With ads, and discounts galore, I find it hard not to get caught up in shopping this time of year, but . . . is the key to happier kids actually fewer toys?
Godly Parenting

Fewer Toys make Happier Kids

(Last Updated On: December 18, 2015)
With ads, and discounts galore, I find it hard not to get caught up in shopping this time of year, but . . .

is the key to happier kids actually fewer toys?

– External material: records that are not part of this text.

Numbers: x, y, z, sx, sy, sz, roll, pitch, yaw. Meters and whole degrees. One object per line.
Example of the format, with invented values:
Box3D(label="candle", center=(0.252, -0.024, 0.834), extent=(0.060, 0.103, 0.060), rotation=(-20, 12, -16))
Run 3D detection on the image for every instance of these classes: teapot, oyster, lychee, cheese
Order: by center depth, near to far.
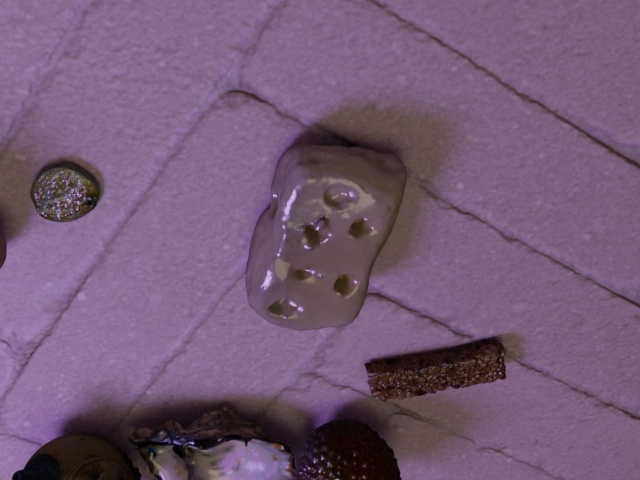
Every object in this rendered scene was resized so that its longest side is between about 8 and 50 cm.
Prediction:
Box3D(label="cheese", center=(0.000, 0.001, 1.233), extent=(0.159, 0.093, 0.263), rotation=(11, 127, -13))
Box3D(label="teapot", center=(-0.318, 0.365, 1.420), extent=(0.269, 0.173, 0.182), rotation=(27, 156, -33))
Box3D(label="lychee", center=(0.042, 0.356, 1.468), extent=(0.165, 0.165, 0.197), rotation=(-26, 110, 14))
Box3D(label="oyster", center=(-0.159, 0.333, 1.485), extent=(0.259, 0.092, 0.198), rotation=(11, 127, -27))

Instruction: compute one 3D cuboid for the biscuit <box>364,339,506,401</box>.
Box3D(label="biscuit", center=(0.165, 0.186, 1.430), extent=(0.199, 0.034, 0.064), rotation=(-10, 129, 3))

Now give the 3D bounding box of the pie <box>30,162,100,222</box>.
Box3D(label="pie", center=(-0.307, -0.055, 1.204), extent=(0.085, 0.017, 0.085), rotation=(-3, 129, -4))

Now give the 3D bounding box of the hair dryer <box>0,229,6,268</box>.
Box3D(label="hair dryer", center=(-0.535, 0.085, 1.232), extent=(0.344, 0.189, 0.107), rotation=(-21, 123, 38))
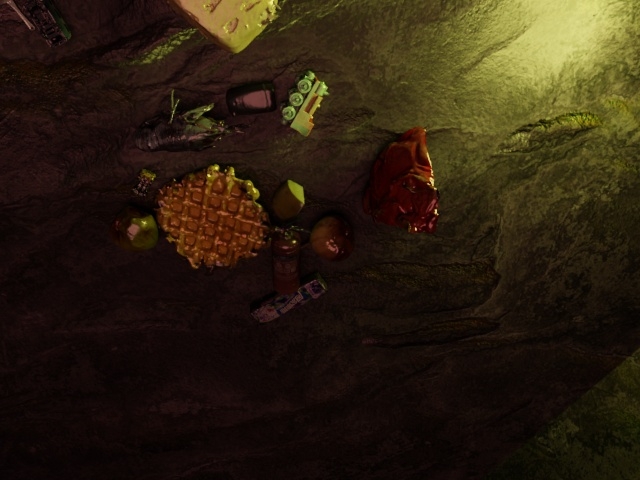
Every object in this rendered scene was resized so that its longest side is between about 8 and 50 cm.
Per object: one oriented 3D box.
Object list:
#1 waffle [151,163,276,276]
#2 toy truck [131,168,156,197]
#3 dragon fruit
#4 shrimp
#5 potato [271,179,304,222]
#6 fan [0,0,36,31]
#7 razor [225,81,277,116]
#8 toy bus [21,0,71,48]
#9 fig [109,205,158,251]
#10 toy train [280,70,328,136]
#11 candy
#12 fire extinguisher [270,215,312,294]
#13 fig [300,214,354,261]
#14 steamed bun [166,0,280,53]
[{"bbox_3d":[-0.362,-0.069,1.674,0.382,0.095,0.379,-21,119,13],"label":"waffle"},{"bbox_3d":[-0.574,-0.190,1.611,0.049,0.054,0.083,27,116,-17],"label":"toy truck"},{"bbox_3d":[0.234,-0.167,1.511,0.228,0.329,0.286,-4,122,7],"label":"dragon fruit"},{"bbox_3d":[-0.394,-0.349,1.470,0.372,0.137,0.172,-13,137,7],"label":"shrimp"},{"bbox_3d":[-0.120,-0.113,1.638,0.081,0.120,0.149,24,116,-17],"label":"potato"},{"bbox_3d":[-0.862,-0.672,1.339,0.153,0.008,0.226,-27,117,13],"label":"fan"},{"bbox_3d":[-0.209,-0.424,1.488,0.148,0.054,0.090,-7,117,1],"label":"razor"},{"bbox_3d":[-0.739,-0.598,1.349,0.060,0.075,0.123,-20,120,10],"label":"toy bus"},{"bbox_3d":[-0.619,-0.031,1.660,0.154,0.144,0.165,-28,132,3],"label":"fig"},{"bbox_3d":[-0.048,-0.417,1.494,0.118,0.074,0.176,24,113,-27],"label":"toy train"},{"bbox_3d":[-0.123,0.223,1.873,0.312,0.061,0.088,-28,120,14],"label":"candy"},{"bbox_3d":[-0.101,0.044,1.696,0.138,0.102,0.344,7,135,2],"label":"fire extinguisher"},{"bbox_3d":[0.002,0.000,1.704,0.231,0.143,0.160,-9,90,11],"label":"fig"},{"bbox_3d":[-0.255,-0.643,1.295,0.273,0.166,0.232,34,102,-26],"label":"steamed bun"}]
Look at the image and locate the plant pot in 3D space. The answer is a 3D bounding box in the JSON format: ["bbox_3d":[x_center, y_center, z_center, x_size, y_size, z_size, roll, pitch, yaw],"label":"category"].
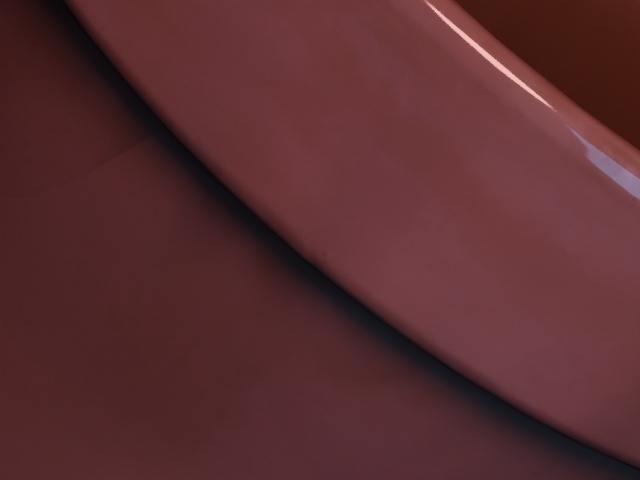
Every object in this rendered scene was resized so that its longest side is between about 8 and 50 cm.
[{"bbox_3d":[0.000,0.000,0.537,0.323,0.323,0.280,14,127,-38],"label":"plant pot"}]
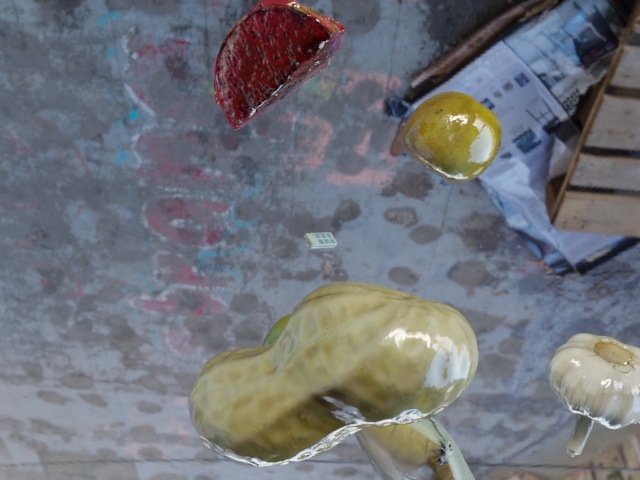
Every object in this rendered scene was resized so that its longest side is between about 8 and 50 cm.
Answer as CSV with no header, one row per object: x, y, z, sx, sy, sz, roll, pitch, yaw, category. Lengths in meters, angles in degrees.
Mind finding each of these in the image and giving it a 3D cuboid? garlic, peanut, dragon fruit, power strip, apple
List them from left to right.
-0.066,-0.326,1.186,0.262,0.211,0.134,-36,87,31,dragon fruit
-0.006,0.109,0.556,0.275,0.111,0.125,-27,83,28,peanut
0.000,0.000,1.659,0.090,0.040,0.016,-2,140,-40,power strip
0.251,-0.198,1.306,0.182,0.182,0.155,28,99,-22,apple
0.500,0.295,1.233,0.199,0.199,0.225,8,109,-4,garlic

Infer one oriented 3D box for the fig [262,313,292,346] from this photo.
-0.072,0.324,1.959,0.207,0.207,0.230,30,113,-24,fig

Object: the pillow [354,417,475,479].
0.160,0.373,1.168,0.119,0.312,0.310,-36,119,-18,pillow
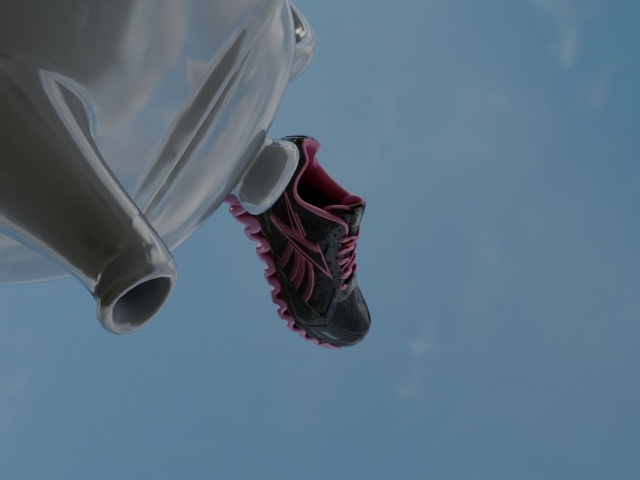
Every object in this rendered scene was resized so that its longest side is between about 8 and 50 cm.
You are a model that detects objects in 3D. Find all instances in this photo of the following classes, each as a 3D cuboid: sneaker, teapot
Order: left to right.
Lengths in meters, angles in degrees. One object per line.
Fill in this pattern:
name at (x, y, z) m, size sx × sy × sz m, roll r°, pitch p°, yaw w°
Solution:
teapot at (-0.090, -0.076, 0.785) m, size 0.187 × 0.252 × 0.256 m, roll 32°, pitch -112°, yaw -6°
sneaker at (0.000, 0.000, 0.908) m, size 0.057 × 0.119 × 0.047 m, roll -13°, pitch -150°, yaw 30°
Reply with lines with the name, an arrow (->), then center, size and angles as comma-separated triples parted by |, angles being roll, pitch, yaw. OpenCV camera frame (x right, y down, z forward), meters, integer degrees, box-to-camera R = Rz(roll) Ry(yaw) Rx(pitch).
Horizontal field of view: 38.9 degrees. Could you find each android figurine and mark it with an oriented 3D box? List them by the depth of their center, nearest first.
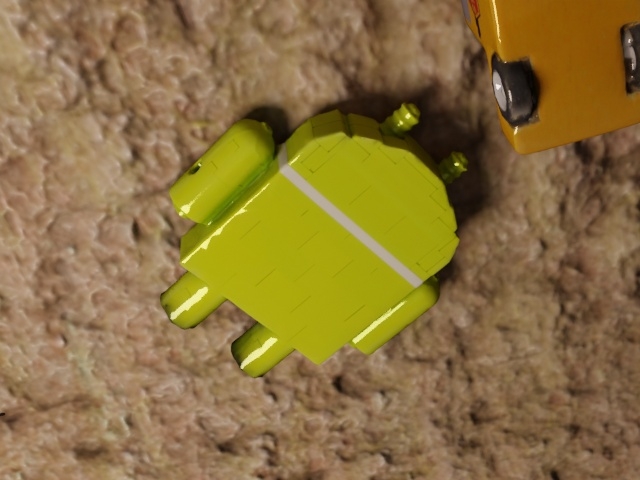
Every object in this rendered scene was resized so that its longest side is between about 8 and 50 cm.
android figurine -> 0.000, 0.000, 0.761 | 0.248, 0.056, 0.273 | 38, 110, -25

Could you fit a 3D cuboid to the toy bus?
toy bus -> 0.138, -0.230, 0.595 | 0.108, 0.130, 0.333 | -17, 122, 2
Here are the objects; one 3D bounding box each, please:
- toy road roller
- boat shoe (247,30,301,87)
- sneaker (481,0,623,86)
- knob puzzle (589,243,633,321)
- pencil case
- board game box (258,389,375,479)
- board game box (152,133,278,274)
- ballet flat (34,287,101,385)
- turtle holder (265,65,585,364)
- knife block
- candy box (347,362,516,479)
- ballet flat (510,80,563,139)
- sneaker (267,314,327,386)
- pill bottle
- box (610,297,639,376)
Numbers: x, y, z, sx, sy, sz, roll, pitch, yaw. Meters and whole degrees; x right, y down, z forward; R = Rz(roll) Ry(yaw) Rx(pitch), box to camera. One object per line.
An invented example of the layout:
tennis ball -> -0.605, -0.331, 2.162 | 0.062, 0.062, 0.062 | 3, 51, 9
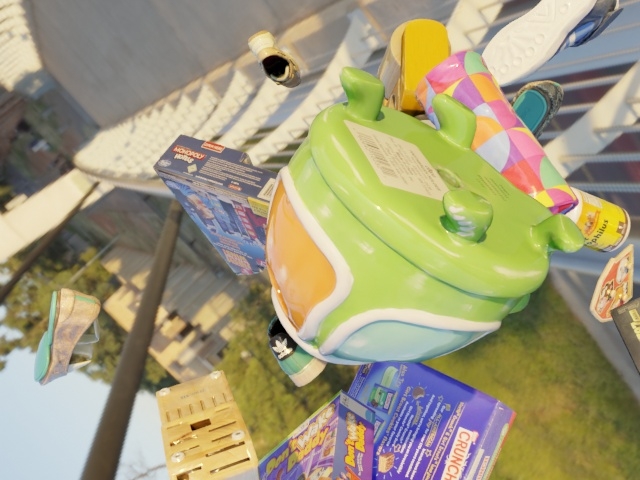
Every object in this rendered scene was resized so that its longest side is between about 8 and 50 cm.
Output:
toy road roller -> 0.240, -0.231, 1.297 | 0.241, 0.329, 0.202 | 1, 164, -7
boat shoe -> -0.063, -0.250, 1.005 | 0.135, 0.050, 0.045 | 29, -143, -63
sneaker -> 0.539, -0.462, 1.590 | 0.236, 0.323, 0.130 | -2, -126, -52
knob puzzle -> 0.741, 0.127, 1.737 | 0.030, 0.213, 0.213 | 24, 155, 44
pencil case -> 0.203, -0.107, 0.810 | 0.104, 0.105, 0.236 | 90, 155, -70
board game box -> -0.053, 0.437, 1.134 | 0.078, 0.347, 0.233 | 36, -152, -14
board game box -> -0.076, -0.019, 0.823 | 0.194, 0.060, 0.194 | 19, 151, 27
ballet flat -> -0.512, 0.210, 1.411 | 0.316, 0.106, 0.107 | -53, 39, 45
turtle holder -> 0.087, -0.004, 0.666 | 0.243, 0.227, 0.320 | 45, -150, 16
knife block -> -0.117, 0.294, 0.821 | 0.276, 0.088, 0.242 | -146, 40, -69
candy box -> 0.196, 0.394, 1.412 | 0.317, 0.268, 0.122 | 21, 172, 41
ballet flat -> 0.572, -0.283, 2.093 | 0.164, 0.182, 0.482 | 49, 133, 18
sneaker -> -0.040, 0.183, 1.446 | 0.121, 0.108, 0.302 | 52, -169, -9
pill bottle -> 0.595, -0.052, 1.592 | 0.215, 0.117, 0.117 | 17, 175, -21
box -> 0.531, 0.226, 1.044 | 0.232, 0.059, 0.183 | 50, -158, -25
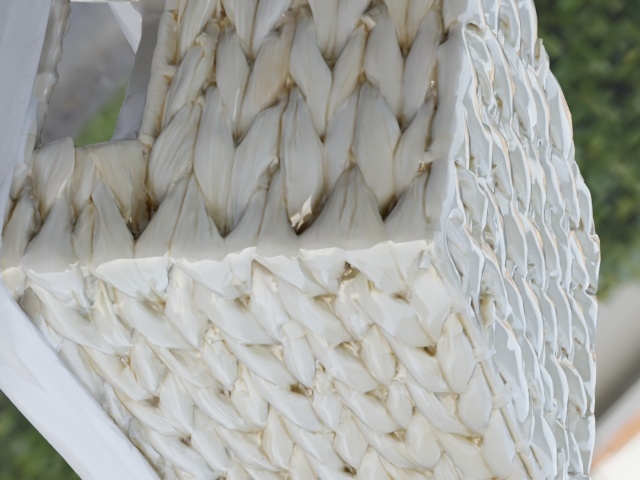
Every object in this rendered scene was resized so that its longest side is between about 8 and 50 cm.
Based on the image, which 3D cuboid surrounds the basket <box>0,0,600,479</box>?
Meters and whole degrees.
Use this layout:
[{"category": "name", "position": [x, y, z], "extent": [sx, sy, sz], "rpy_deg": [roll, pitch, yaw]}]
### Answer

As Christmas shopping winds up, I’m doing my best to recognize the benefits of fewer toys for my children, but part of me just wants to spoil them rotten.
I want my kids to remember magical holidays filled with gifts and surprises, so it’s hard to balance my desire to watch her and her brothers’ faces light up with joy on Christmas morning with the knowledge that fewer toys is better for them for so many reasons.
But what I’ve found is that the more she has, the less she really plays with them.
As we’ve pared down in preparation for the Christmas onslaught, I’ve watched her truly playing with a few toys, creating worlds inside her head. I’ve seen creativity blossom even more than usual. Having fewer toys has led to her being happier, more able to focus on playing instead of jumping from toy to toy.With ads, and discounts galore, I find it hard not to get caught up in shopping this time of year, but . . . is the key to happier kids actually fewer toys?
Children get so few hours to play once you consider school and activities, family time, baths, dinner, and homework. I need to help her make the most out of play time.
One study I read said that children shouldn’t be formally educated until 7 or 8. They should be given lots of time to play. It is one of the reasons I chose to homeschool. She gets hours to play a day.
Yet, giving her fewer toys is hard. I want her to have a chance to experience everything to decide her own interests, but she needs time to get deep into play with her toys.
Fewer toys allow:
  • her to truly interact and enjoy each toy and instead of toss them in the bottom of a toy box.
  • room for more creativity. She may have to pretend her doll is also a cowboy, but she will be more mentally flexible, open to outside of the box thinking.
  • realistic expectations which makes grateful for her toys.
  • more time for family, friends, books, and playing outside.
  • faster clean up which makes for happier everyone.

In my head, a living room filled with presents makes Christmas magical for my kids, but in my heart, I know I remember baking and singing carols, I remember the traditions and laughter, stories and the feeling of family. I know I don’t remember very many things I got.

This year, there will still be lots of boxes under the tree, but clothes and socks and books and a few treasured toys, but the most important things will happen around it: movie nights and hot cocoa, cookie platters and rocky road fudge, carols and mischievous grandparents.

As Christians especially, don’t we want the focus of this time of year to be joy rather than on things? On Jesus as the only gift we really need?

I think they’ll be happier kids with fewer toys and more of His and my presence.